**EXERCISE AIM:** Print out the data exactly, keeping every image out of it.

**PROVIDED INFORMATION:**
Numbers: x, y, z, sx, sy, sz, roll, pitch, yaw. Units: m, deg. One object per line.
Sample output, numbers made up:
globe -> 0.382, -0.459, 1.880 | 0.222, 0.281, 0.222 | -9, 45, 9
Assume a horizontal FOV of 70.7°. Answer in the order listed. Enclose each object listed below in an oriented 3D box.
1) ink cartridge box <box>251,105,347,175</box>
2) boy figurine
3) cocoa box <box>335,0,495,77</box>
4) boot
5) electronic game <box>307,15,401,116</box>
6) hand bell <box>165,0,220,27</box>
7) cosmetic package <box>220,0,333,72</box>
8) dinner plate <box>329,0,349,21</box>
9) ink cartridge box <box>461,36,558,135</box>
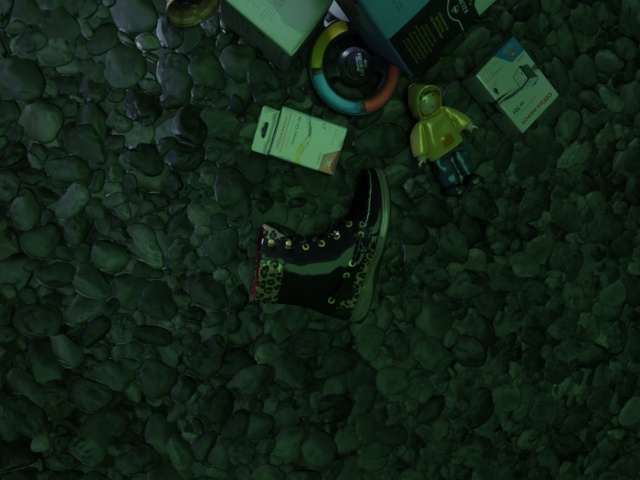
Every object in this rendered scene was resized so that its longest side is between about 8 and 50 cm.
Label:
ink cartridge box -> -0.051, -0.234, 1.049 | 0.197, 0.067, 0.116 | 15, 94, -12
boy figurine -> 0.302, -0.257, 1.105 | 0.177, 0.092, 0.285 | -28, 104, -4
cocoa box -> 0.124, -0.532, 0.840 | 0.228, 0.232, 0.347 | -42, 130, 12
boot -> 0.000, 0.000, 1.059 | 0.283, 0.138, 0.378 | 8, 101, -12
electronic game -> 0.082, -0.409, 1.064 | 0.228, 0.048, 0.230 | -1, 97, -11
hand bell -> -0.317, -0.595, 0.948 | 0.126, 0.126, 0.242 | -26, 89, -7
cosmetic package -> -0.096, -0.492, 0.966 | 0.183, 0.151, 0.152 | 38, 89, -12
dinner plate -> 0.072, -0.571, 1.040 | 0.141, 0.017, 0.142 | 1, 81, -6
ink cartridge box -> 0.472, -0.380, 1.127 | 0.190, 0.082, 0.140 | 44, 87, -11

**ANSWER BOX:**
Numbers: x, y, z, sx, sy, sz, roll, pitch, yaw. Units: m, deg. One object per line.
Sample output, numbers made up:
globe -> 0.382, -0.459, 1.880 | 0.222, 0.281, 0.222 | -9, 45, 9
Assume a horizontal FOV of 70.7°. Answer in the order listed. Enclose each object listed below in an oriented 3D box.
1) ink cartridge box <box>251,105,347,175</box>
2) boy figurine
3) cocoa box <box>335,0,495,77</box>
4) boot
5) electronic game <box>307,15,401,116</box>
6) hand bell <box>165,0,220,27</box>
7) cosmetic package <box>220,0,333,72</box>
8) dinner plate <box>329,0,349,21</box>
9) ink cartridge box <box>461,36,558,135</box>
Every object in this rendered scene was resized so that its longest side is between about 8 and 50 cm.
Label:
ink cartridge box -> -0.051, -0.234, 1.049 | 0.197, 0.067, 0.116 | 15, 94, -12
boy figurine -> 0.302, -0.257, 1.105 | 0.177, 0.092, 0.285 | -28, 104, -4
cocoa box -> 0.124, -0.532, 0.840 | 0.228, 0.232, 0.347 | -42, 130, 12
boot -> 0.000, 0.000, 1.059 | 0.283, 0.138, 0.378 | 8, 101, -12
electronic game -> 0.082, -0.409, 1.064 | 0.228, 0.048, 0.230 | -1, 97, -11
hand bell -> -0.317, -0.595, 0.948 | 0.126, 0.126, 0.242 | -26, 89, -7
cosmetic package -> -0.096, -0.492, 0.966 | 0.183, 0.151, 0.152 | 38, 89, -12
dinner plate -> 0.072, -0.571, 1.040 | 0.141, 0.017, 0.142 | 1, 81, -6
ink cartridge box -> 0.472, -0.380, 1.127 | 0.190, 0.082, 0.140 | 44, 87, -11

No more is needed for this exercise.